◆ What the exercise asks ◆
When you find the line with "list Functiescheiding; [248, 1076, 1152, 1102]" among the records below, reproduce it and each line after it exactly, ending with the line with "text Aanvullingswet grondeigendom".

Collected data
== == ==
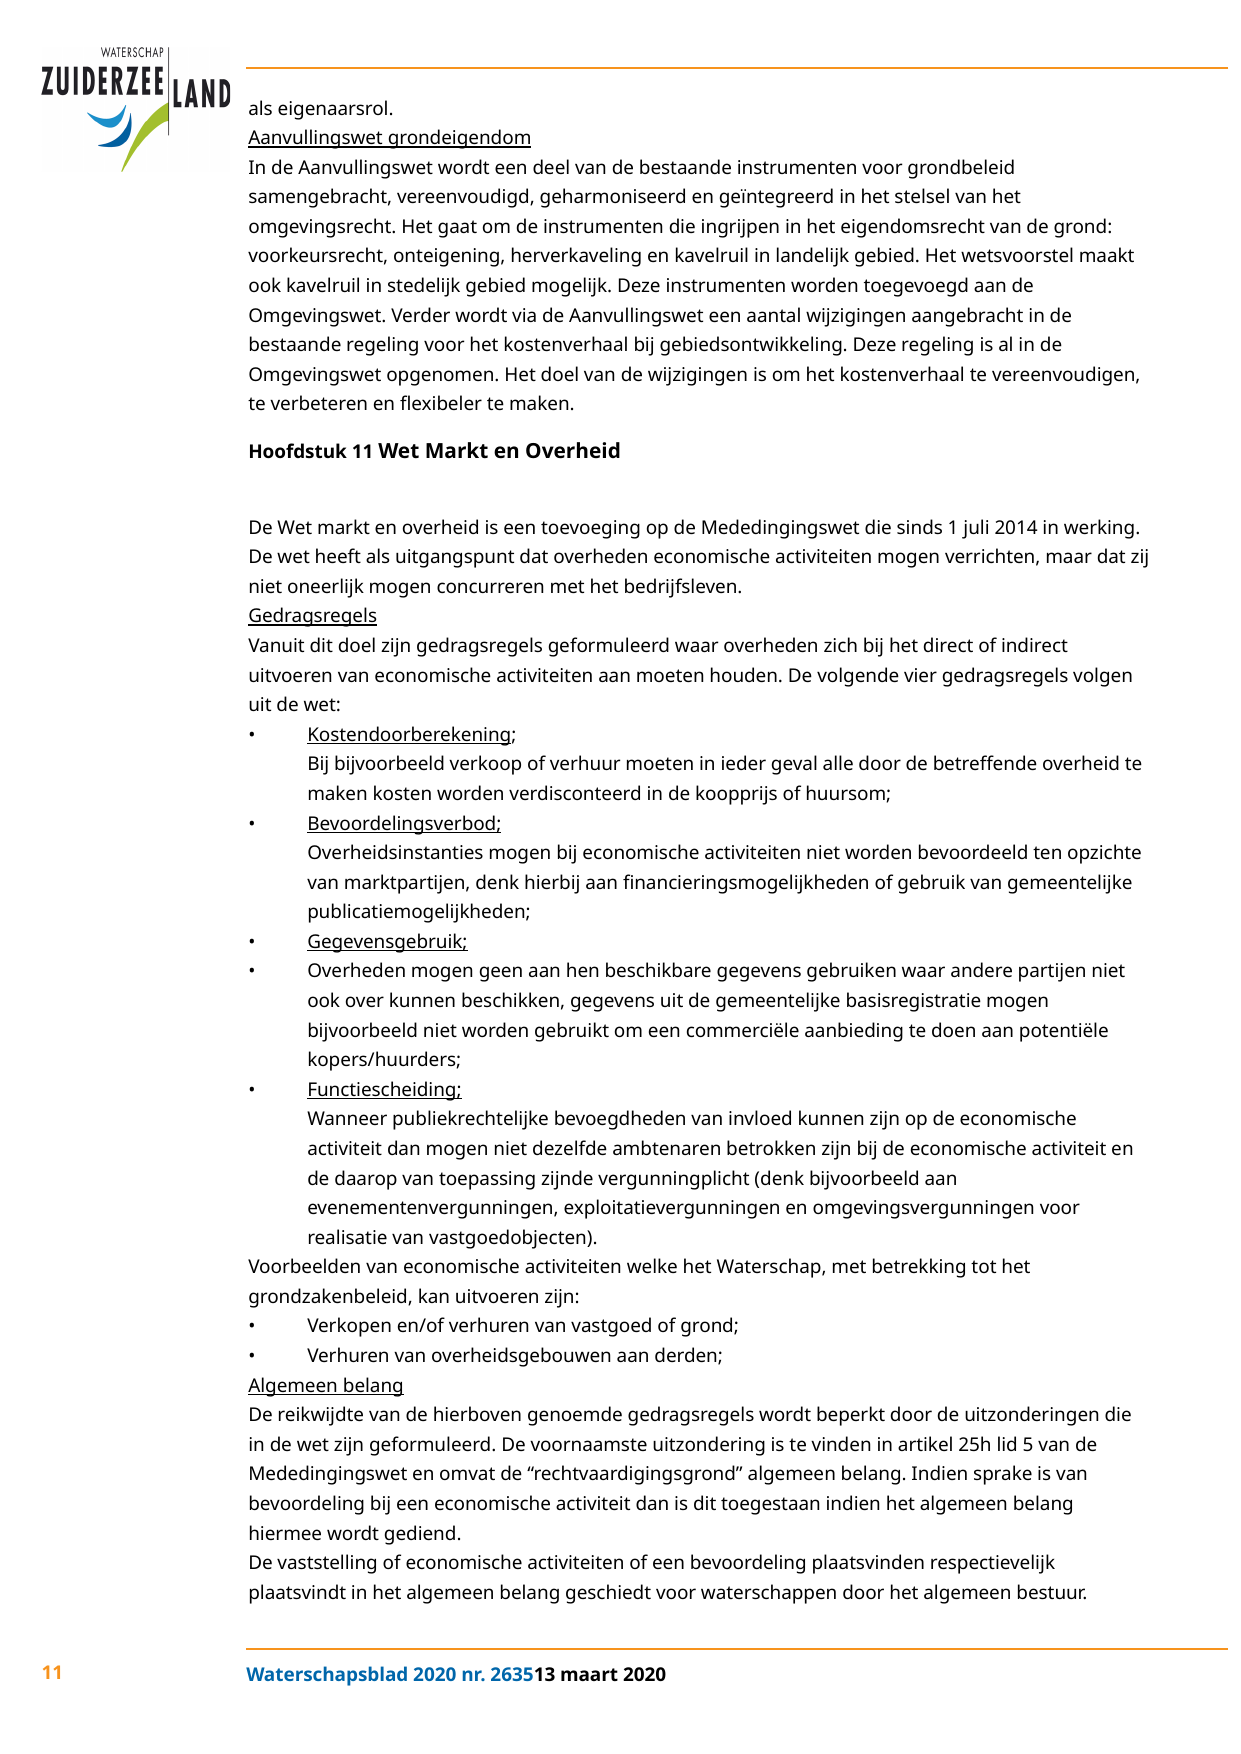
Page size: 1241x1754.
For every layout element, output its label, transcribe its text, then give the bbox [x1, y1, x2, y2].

picture [41, 47, 231, 172]
list Kostendoorberekening; [248, 721, 1152, 747]
list Bevoordelingsverbod; [248, 810, 1152, 836]
text De reikwijdte van de hierboven genoemde gedragsregels wordt beperkt door de uitzonderingen die in de wet zijn geformuleerd. De voornaamste uitzondering is te vinden in artikel 25h lid 5 van de Mededingingswet en omvat de “rechtvaardigingsgrond” algemeen belang. Indien sprake is van bevoordeling bij een economische activiteit dan is dit toegestaan indien het algemeen belang hiermee wordt gediend. [248, 1401, 1152, 1546]
list Bij bijvoorbeeld verkoop of verhuur moeten in ieder geval alle door de betreffende overheid te maken kosten worden verdisconteerd in de koopprijs of huursom; [248, 751, 1152, 806]
text De Wet markt en overheid is een toevoeging op de Mededingingswet die sinds 1 juli 2014 in werking. De wet heeft als uitgangspunt dat overheden economische activiteiten mogen verrichten, maar dat zij niet oneerlijk mogen concurreren met het bedrijfsleven. [248, 514, 1152, 599]
text Hoofdstuk 11 Wet Markt en Overheid [248, 436, 1152, 465]
list Verhuren van overheidsgebouwen aan derden; [248, 1342, 1152, 1368]
list Functiescheiding; [248, 1076, 1152, 1102]
list Gegevensgebruik; [248, 928, 1152, 954]
text Algemeen belang [248, 1372, 1152, 1398]
list Wanneer publiekrechtelijke bevoegdheden van invloed kunnen zijn op de economische activiteit dan mogen niet dezelfde ambtenaren betrokken zijn bij de economische activiteit en de daarop van toepassing zijnde vergunningplicht (denk bijvoorbeeld aan evenementenvergunningen, exploitatievergunningen en omgevingsvergunningen voor realisatie van vastgoedobjecten). [248, 1106, 1152, 1250]
text Aanvullingswet grondeigendom [248, 124, 1152, 150]
text De vaststelling of economische activiteiten of een bevoordeling plaatsvinden respectievelijk plaatsvindt in het algemeen belang geschiedt voor waterschappen door het algemeen bestuur. [248, 1549, 1152, 1605]
list Overheidsinstanties mogen bij economische activiteiten niet worden bevoordeeld ten opzichte van marktpartijen, denk hierbij aan financieringsmogelijkheden of gebruik van gemeentelijke publicatiemogelijkheden; [248, 839, 1152, 924]
list Overheden mogen geen aan hen beschikbare gegevens gebruiken waar andere partijen niet ook over kunnen beschikken, gegevens uit de gemeentelijke basisregistratie mogen bijvoorbeeld niet worden gebruikt om een commerciële aanbieding te doen aan potentiële kopers/huurders; [248, 958, 1152, 1072]
text Voorbeelden van economische activiteiten welke het Waterschap, met betrekking tot het grondzakenbeleid, kan uitvoeren zijn: [248, 1253, 1152, 1309]
text In de Aanvullingswet wordt een deel van de bestaande instrumenten voor grondbeleid samengebracht, vereenvoudigd, geharmoniseerd en geïntegreerd in het stelsel van het omgevingsrecht. Het gaat om de instrumenten die ingrijpen in het eigendomsrecht van de grond: voorkeursrecht, onteigening, herverkaveling en kavelruil in landelijk gebied. Het wetsvoorstel maakt ook kavelruil in stedelijk gebied mogelijk. Deze instrumenten worden toegevoegd aan de Omgevingswet. Verder wordt via de Aanvullingswet een aantal wijzigingen aangebracht in de bestaande regeling voor het kostenverhaal bij gebiedsontwikkeling. Deze regeling is al in de Omgevingswet opgenomen. Het doel van de wijzigingen is om het kostenverhaal te vereenvoudigen, te verbeteren en flexibeler te maken. [248, 154, 1152, 416]
text als eigenaarsrol. [248, 95, 1152, 121]
text Vanuit dit doel zijn gedragsregels geformuleerd waar overheden zich bij het direct of indirect uitvoeren van economische activiteiten aan moeten houden. De volgende vier gedragsregels volgen uit de wet: [248, 632, 1152, 717]
text Gedragsregels [248, 603, 1152, 628]
list Verkopen en/of verhuren van vastgoed of grond; [248, 1313, 1152, 1338]
== == ==
◆ Response area ◆
list Functiescheiding; [248, 1076, 1152, 1102]
list Gegevensgebruik; [248, 928, 1152, 954]
text Algemeen belang [248, 1372, 1152, 1398]
list Wanneer publiekrechtelijke bevoegdheden van invloed kunnen zijn op de economische activiteit dan mogen niet dezelfde ambtenaren betrokken zijn bij de economische activiteit en de daarop van toepassing zijnde vergunningplicht (denk bijvoorbeeld aan evenementenvergunningen, exploitatievergunningen en omgevingsvergunningen voor realisatie van vastgoedobjecten). [248, 1106, 1152, 1250]
text Aanvullingswet grondeigendom [248, 124, 1152, 150]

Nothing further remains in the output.